- Thali, Kageshwori Manohara, Kathmandu, Bagmati Province Nepal

Information
- Type: Coeducational
- Motto: Discipline And Perseverance Leads To Supremacy
- Established: 1992
- Sister school: Ministeps Pre-School, Thali
- School board: National Examination Board (NEB)
- Chairperson: Jayaram Wagley
- Principal: Mani Ram Wagley
- Grades: 1 to +2
- Enrollment: approx ~1200 (2023)
- Average class size: ~40
- Nickname: MEHS/Miniland
- Website: https://www.minilandschool.edu.np

= Miniland English High School =

Miniland English Secondary School, a privately owned institution with a history of more than thirty-three years, is located in Thali, Kageshwari-Manohara, Ward No 5 in the suburb of Kathmandu city.

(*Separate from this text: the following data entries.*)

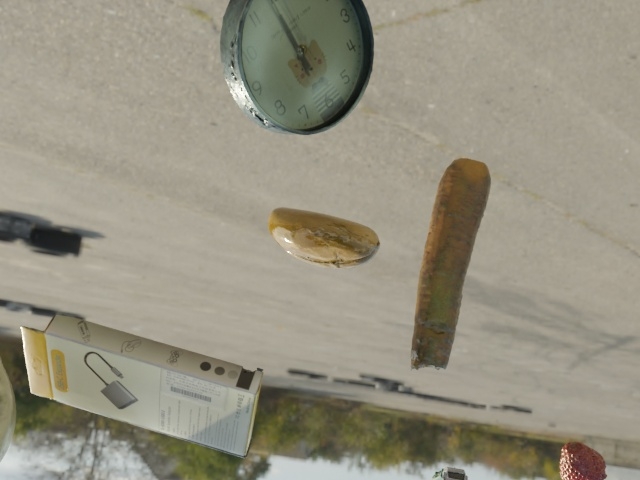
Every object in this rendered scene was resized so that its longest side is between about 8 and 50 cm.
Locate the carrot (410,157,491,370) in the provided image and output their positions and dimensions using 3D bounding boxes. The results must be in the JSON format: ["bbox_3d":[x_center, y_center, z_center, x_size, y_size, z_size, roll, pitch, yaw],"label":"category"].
[{"bbox_3d":[0.099,0.019,0.629,0.042,0.170,0.042,12,167,3],"label":"carrot"}]

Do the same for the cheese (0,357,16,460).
[{"bbox_3d":[-0.300,0.129,0.432,0.266,0.127,0.233,-29,-178,-37],"label":"cheese"}]

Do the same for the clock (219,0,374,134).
[{"bbox_3d":[-0.024,-0.248,1.062,0.226,0.226,0.049,17,180,-40],"label":"clock"}]

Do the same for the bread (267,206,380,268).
[{"bbox_3d":[0.000,0.000,1.230,0.189,0.077,0.114,10,172,29],"label":"bread"}]

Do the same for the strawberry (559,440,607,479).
[{"bbox_3d":[0.407,0.351,1.280,0.073,0.073,0.083,-1,139,37],"label":"strawberry"}]

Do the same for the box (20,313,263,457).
[{"bbox_3d":[-0.184,0.149,0.850,0.247,0.033,0.129,16,136,2],"label":"box"}]

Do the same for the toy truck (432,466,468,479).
[{"bbox_3d":[0.180,0.340,1.147,0.039,0.044,0.083,10,156,-4],"label":"toy truck"}]

It offers education across levels of Kindergarten to School Leaving Certificate level.

== Buildings ==
The school has junior wing and senior wing. Junior students used to be taught in old building in Thali while senior students are taught in new building in Sano Thali. After 2015 Nepal Earthquake the junior wing is also moved to the new building in Sano Thali. It consists of Pre-Primary Wing Named, "Mini Steps" near to the main building.

== Curriculum ==
The Primary School consists of classes 1 to 5. In addition to oral work, activities, games, practicals, excursions etc., students are taught subjects like English, Nepali, Mathematics, Science, Social Studies, Computer Studies, Moral Science, General Knowledge and Health Education. Co-curricular activities such as singing, dance and instrumental music are taught.

The Lower Secondary School consists of classes 6 to 8. Besides English, Nepali, Mathematics, Science, Social Studies, Computer Studies, Moral Science, General Knowledge, the students are introduced to advanced level Mathematics and E. P. H. (Environment Health & Population) Co-curricular activities also includes Club activities.

The Secondary School consists of classes 9 and 10. The HMG (S. L. C.) curricular is followed in these classes. The students, however, take part in co-curricular activities and club activities. They are also introduced to a course in Advanced Level English.

== Involvement==
Miniland is actively involved in social work and human activities. Regular Scout training and field movement is done. There is the Rain Gauge station in Miniland which is installed in collaboration with CORAM Nepal an NGO working on Climate monitoring.